Prima votare, poi Gino

Marte, 20 aprile 2162

Dopo anni di nulla, finalmente un leader politico dice una cosa sensata, vera: dopo le amministrative arriverà la più grande novità della politica. Il principale partito del centrodestra, per boccaccia del suo leader, ammette finalmente che è davvero finita: la parte buona dell’Itaglia, infatti, non li vorrà più, e alle prossime amministrative andrà a votare per cambiare davero le cose. E le cose si cambiano a partire dalle persone. Piano piano: non aspettiamoci l’ammainamento della bandiera bianca da parte della vecchia politica che, comunque, vanta parecchi crediti nei confronti di buona parte d’Itaglia che, altrimenti, non saprebbe realmente che cosa fare. Sarebbe bene ricordare, in questo momento in cui le cose possono davvero cambiare, che c’è un’Itaglia, non formata esclusivamente da famiglie ricche, che vive comunque grazie al fatto di aver assicurato il proprio voto – e quello dei propri cari – alla classe dirigente attuale. E’ questo lo zoccolo duro sul quale contano i partiti ormai allo sbando.

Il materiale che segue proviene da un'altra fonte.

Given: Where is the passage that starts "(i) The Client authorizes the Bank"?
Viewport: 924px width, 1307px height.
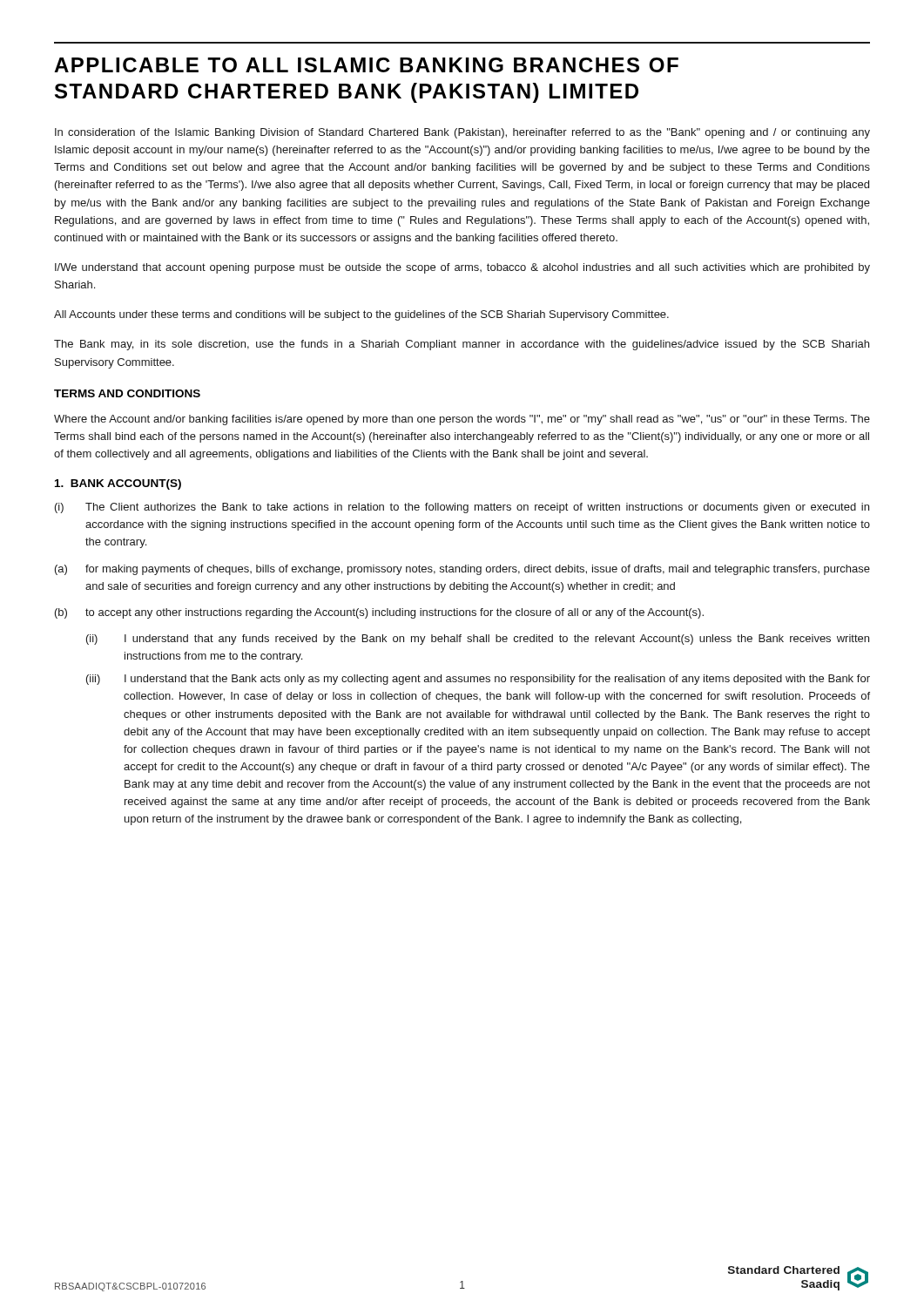Looking at the screenshot, I should click(x=462, y=525).
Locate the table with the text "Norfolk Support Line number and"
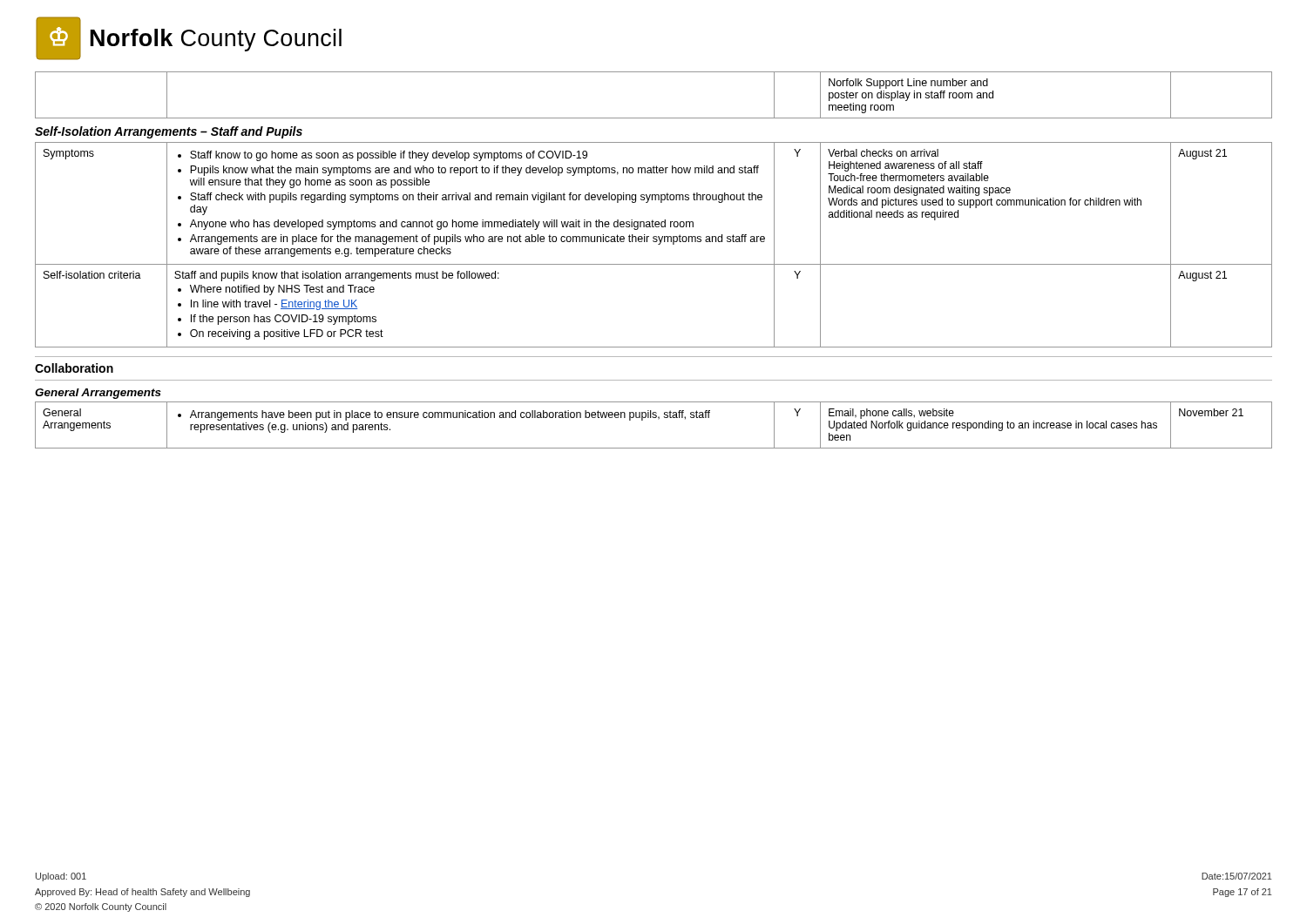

Ed è per questo motivo che realmente, al di là delle idee, delle persone e dei progetti da mettere in campo, i movimenti emergenti – con chiaro riferimento a quello di Peppe Trillo, ma non solo – devono far passare il concetto che ogni voto è una pepita d’oro, che gli itagliani devono tornare a votare, a decidere realmente chi e che cosa vogliono. Perché lo zoccolo duro dei vecchi partiti politici verrà mobilitato come non mai per mantenere l’attuale “ancien regime”. E’ un concetto a mio parere sottovalutato da chi vuole davvero cambiare le cose e l’entusiasmo pr una probabile affermazione – non necessariamente la “vittoria” – può giocare brutti scherzi: in primo luogo quello di far credere che la rivoluzione la fanno sempre gli altri come, purtroppo ed evidentemente, è accaduto in passato: col risultato di passare dalla padella di una tirannia alla brace di un regime.